5. Turn off the fire and let the soup open slightly. Put meat in your left hand and squeeze meatballs out of the tiger's mouth. Catch them with the spoon in your right hand and put them in the soup pot. When all the meatballs are put into the pot, turn on the fire and bring the soup to a boil. Skim off the foam and cook until all the meatballs float. Turn off the fire.
6, add salt, sprinkle with coriander powder, add a little white pepper to taste, you can eat.
Second, white radish seaweed soup
Ingredients: dried kelp, white radish, big bone stick, salt, onion, ginger, cooking wine, white pepper.
Exercise:
1. Soak dried kelp in clear water for more than 5 hours, then clean it and wash off the sediment.
2. Add water to the pot, blanch the bone stick in cold water for a few minutes, take it out and wash it, add water to the pot again, add the bone stick, ginger slices and cooking wine, bring it to a boil with high fire, and reduce the heat to 1 hour.
3. During the period, peel and wash the white radish, and then cut the white radish into hob blocks.
4. Cut the kelp into strips, tie the kelp strips, and do the rest according to the sample.
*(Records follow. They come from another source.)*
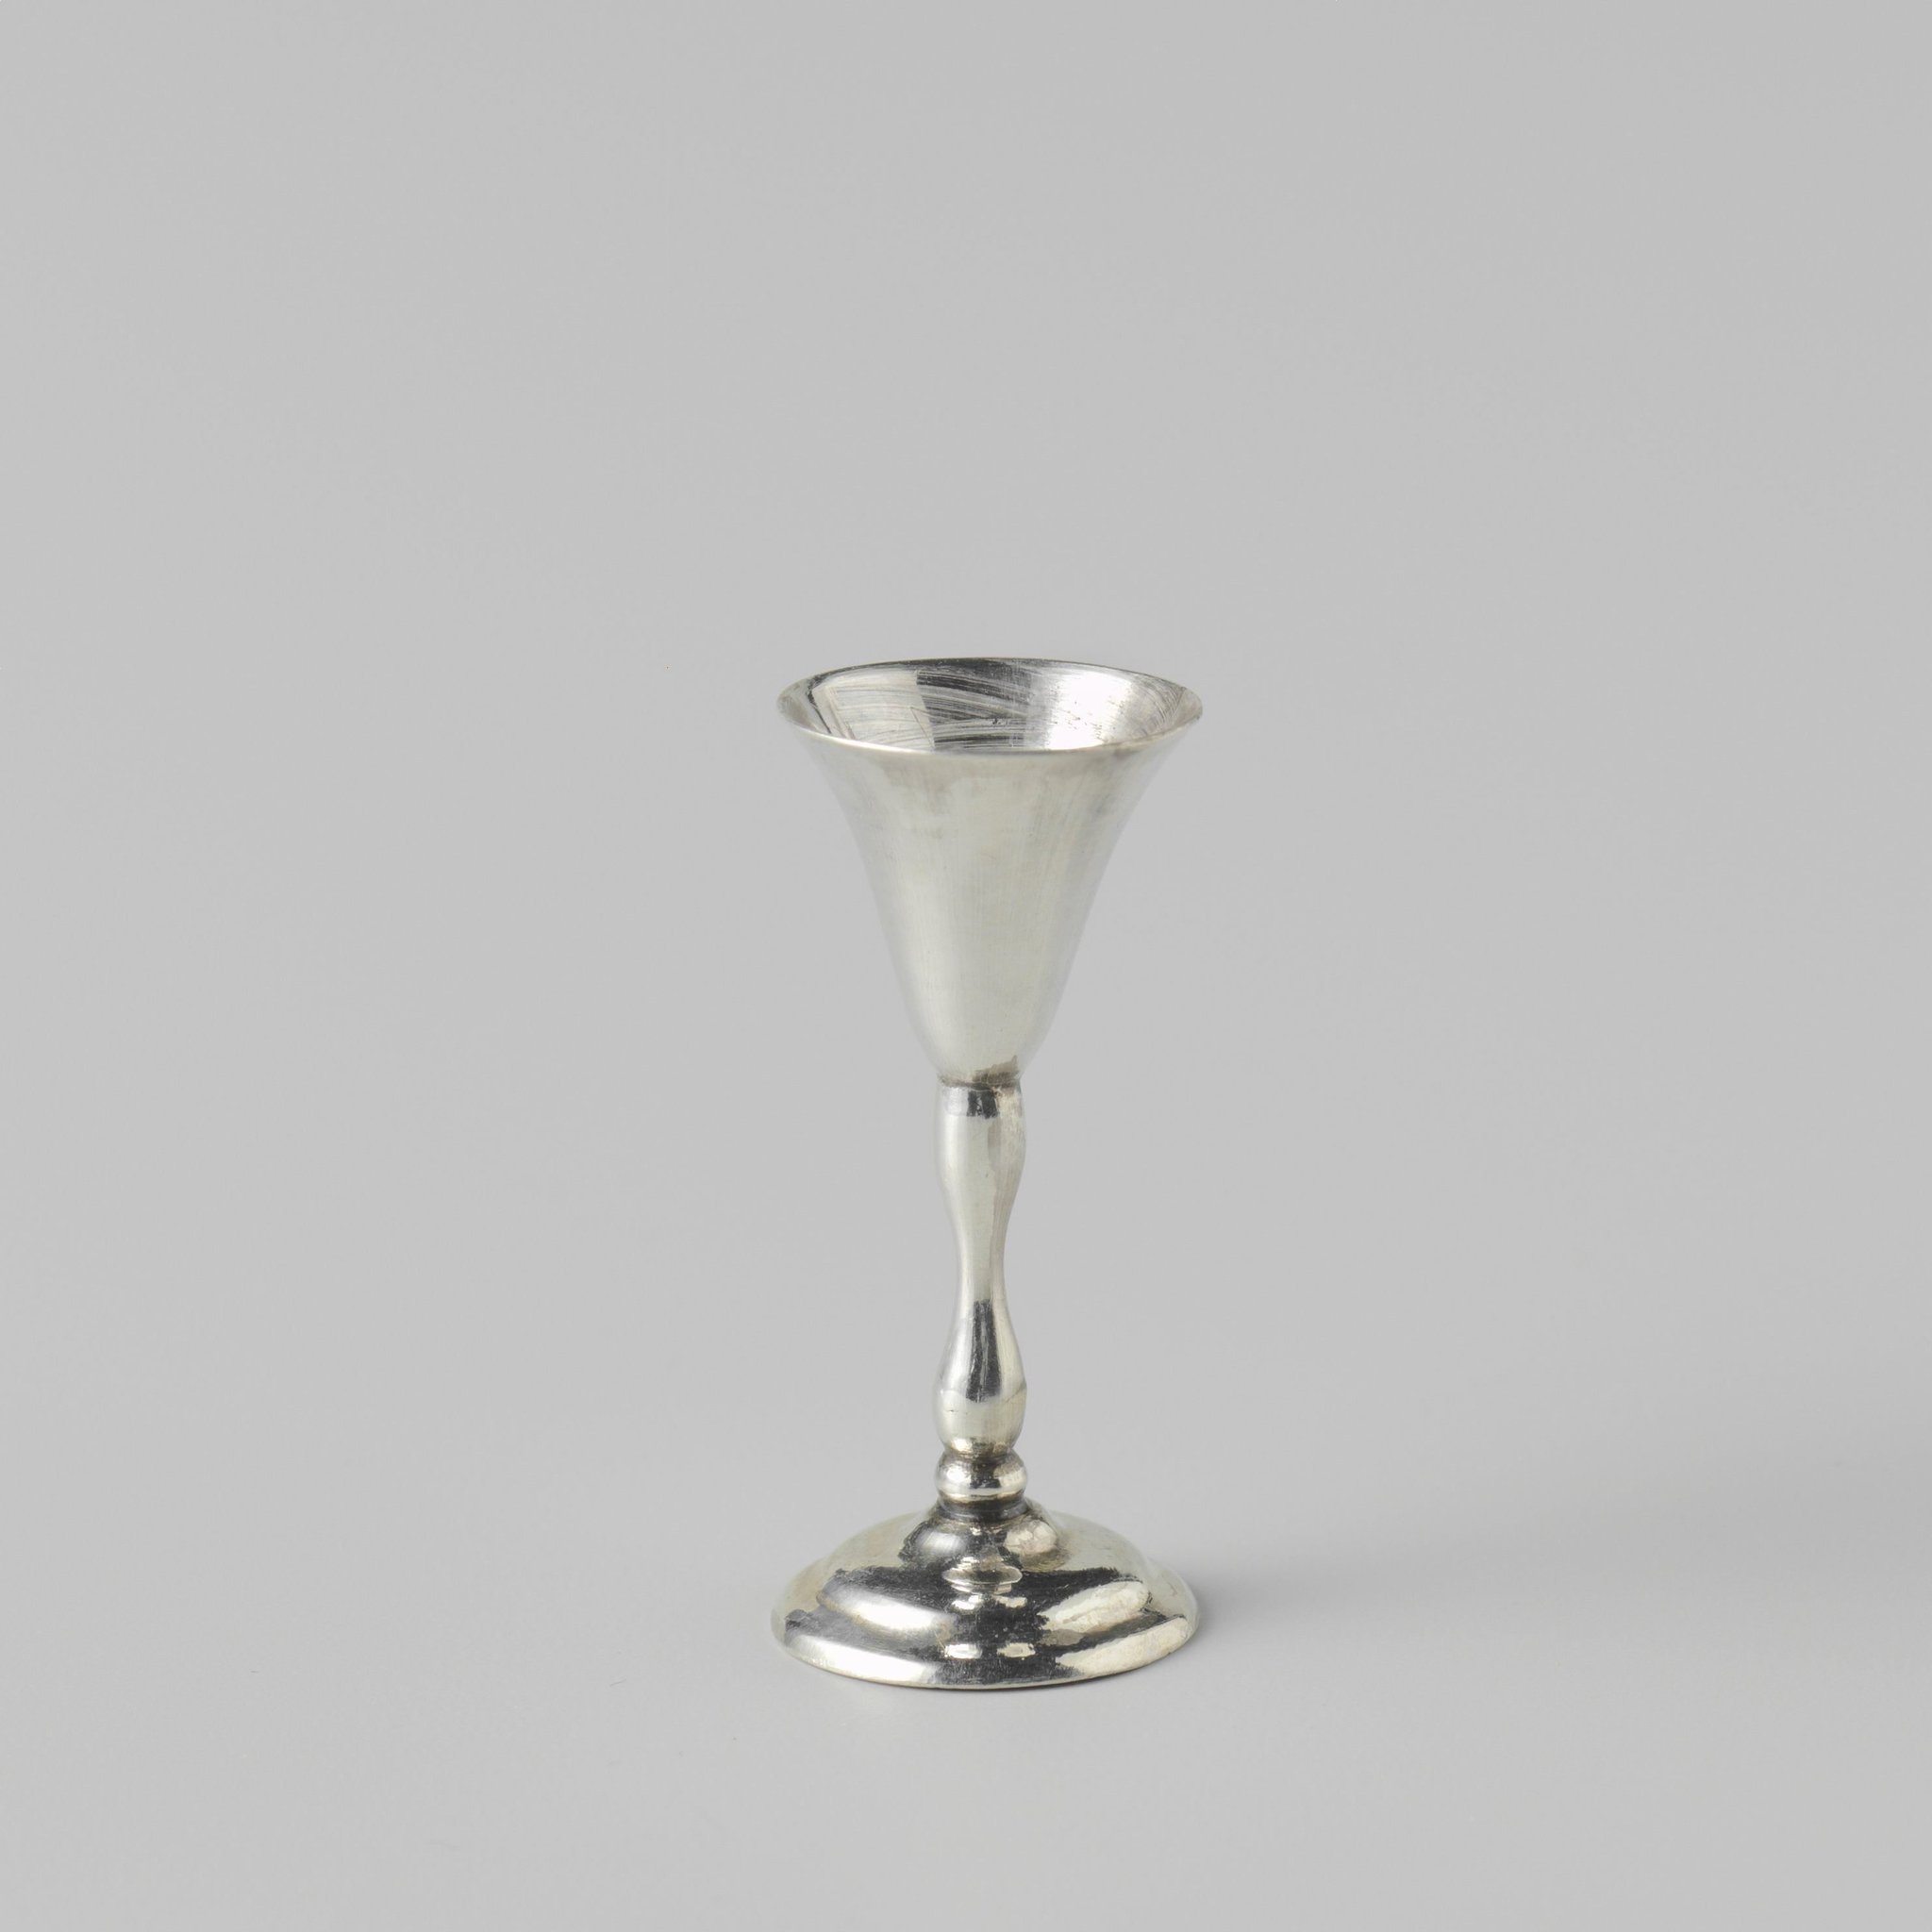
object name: miniature
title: Drinkglas
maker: Anonymous
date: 1725-1775
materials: silver
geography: netherlands
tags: glass, rummer
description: Trechtervormig drinkglas op een hoge balustervormige stam. De voet is rond en gewelfd. Het drinkglas is gelijk aan vijf andere exemplaren (BK-NM-11177-181-b-IV, BK-NM-11177-181-b-V, BK-NM-11177-181-b-VI, BK-NM-11177-181-b-VII, BK-NM-11177-181-b-VIII). De ddrinkglazen staan met een schenkkan (BK-NM-11177-181-b-II) op een dienblad (BK-NM-11177-181-b-I). Het dienblad staat op een klaptafel (BK-NM-11177-181-a).

5. When the time is up, add the white radish pieces, sea knots, and bring to a boil. Turn to low heat and continue to cook for 30 minutes.
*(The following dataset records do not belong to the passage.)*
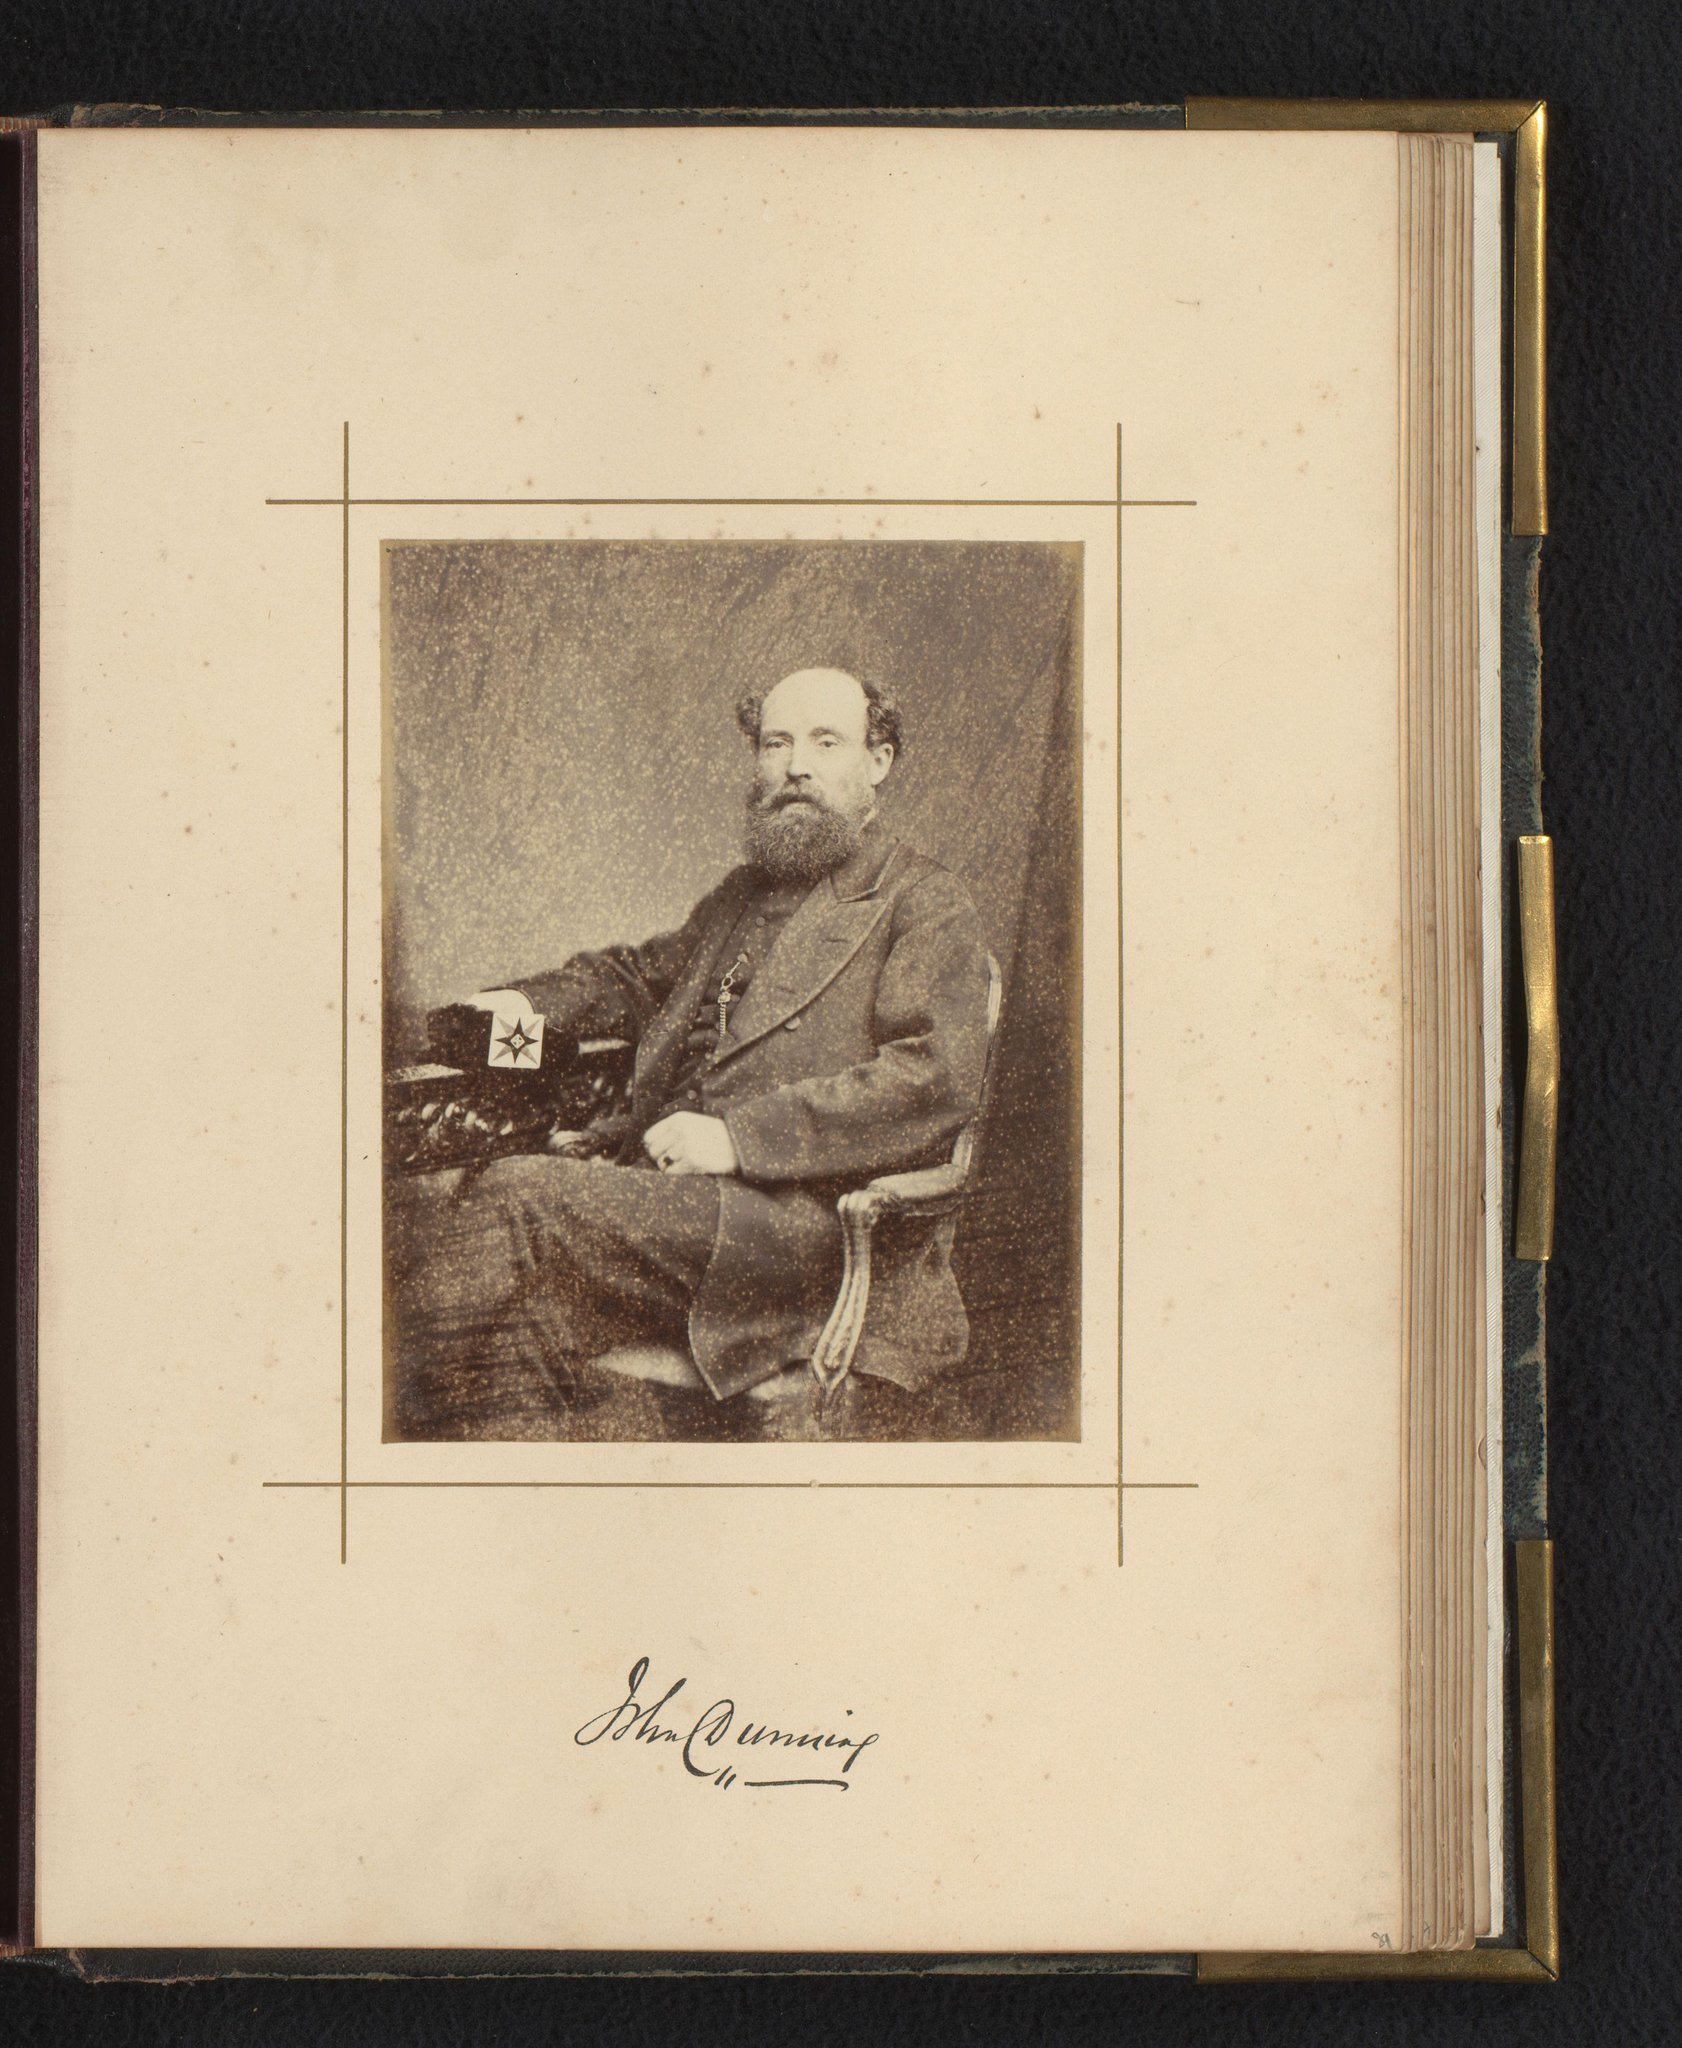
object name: photograph
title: Portret van John Cunning
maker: Anonymous
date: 1866-1871
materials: photographic support
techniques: albumen print
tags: sitting figure, historical persons
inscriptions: name: ‘John Cunning’

6. When the time is up, season with salt, turn off the fire, sprinkle with chopped green onion and white pepper, and stir well to serve.
Third, mutton and radish soup.
Ingredients: 250g mutton slices, radish 1/2, coriander 1 each, appropriate amount of shrimp skin, appropriate amount of salt, onion 1 root, 2 slices of ginger, and 2 teaspoons of white pepper1/.
Exercise:
1, the ingredients are ready, the white radish is peeled and washed, and the white radish is shredded with a shredding device.
2. Wash the coriander, cut into pieces, cut the onion and cut the ginger.
3. Add water to the pot and bring to a boil. Add half of Jiang Mo and dried shrimps and bring to a boil.
4. Add shredded white radish, bring to a boil, then add mutton slices to bring to a boil, skim off the floating foam, season with salt, and turn off the fire.
5. Add the remaining half of Jiang Mo, add chopped green onion, chopped coriander and white pepper, and stir well.
Four, yam bone soup
Ingredients: 1 bone strips, 1 yam, 1 carrot, proper amount of salt, 2 slices of ginger, 1 dried tangerine peel, and a few drops of white vinegar.
Exercise:
1, put a proper amount of water in the pot, and put the cleaned big bones in the fire for 5 minutes. Turn off the fire, remove the big bones and wash them.
2, ginger washed and sliced, dried tangerine peel washed and sliced for use.
3. Put the blanched bones, ginger and dried tangerine peel into a casserole, add a proper amount of water, drop a few drops of white vinegar, cover the lid, bring to a boil over high heat, turn to low heat and cook for 1.5 hours.
4. Wash carrots and cut hob blocks. When cooking big bones, peel the yam, wash it and cut it into pieces for later use.
5. After the time is up, add yam and carrot, and cook for half an hour on low heat. After the time is up, add salt to taste and sprinkle with chopped green onion.
Five, casserole tofu meatball soup
Ingredients: tofu 1, pork 300g, sesame oil 1 tbsp, onion 1, ginger 3, white pepper 1 tbsp, cooking wine 1/2 tbsp,
Exercise:
1, chop the pork into paste, chop the pork more finely, and shape the meatballs.
2. Put the pork paste into a large bowl, add chopped green onion, Jiang Mo, cooking wine and white pepper, add a little salt and a little water, and stir in one direction until it becomes sticky.
3. Cut the tofu into large pieces first, and then cut the tofu into small pieces for later use.
4. Boil the casserole with water, add Jiang Mo and tofu, and cook for 5-6 minutes.
5. Turn off the fire and keep the soup slightly boiling. Put meat in your left hand and squeeze meatballs out of the tiger's mouth. Catch it with a spoon in your right hand and put it in the soup pot (or dig out the shape of the meatball with a spoon). According to the sample, put all the meatballs into the pot.
6. When all the meatballs are put into the pot, turn on the fire, bring the soup to a boil, skim off the floating foam, cook until all the meatballs float, add salt to taste, turn off the fire, add white pepper, sesame oil and chopped green onion, and mix well.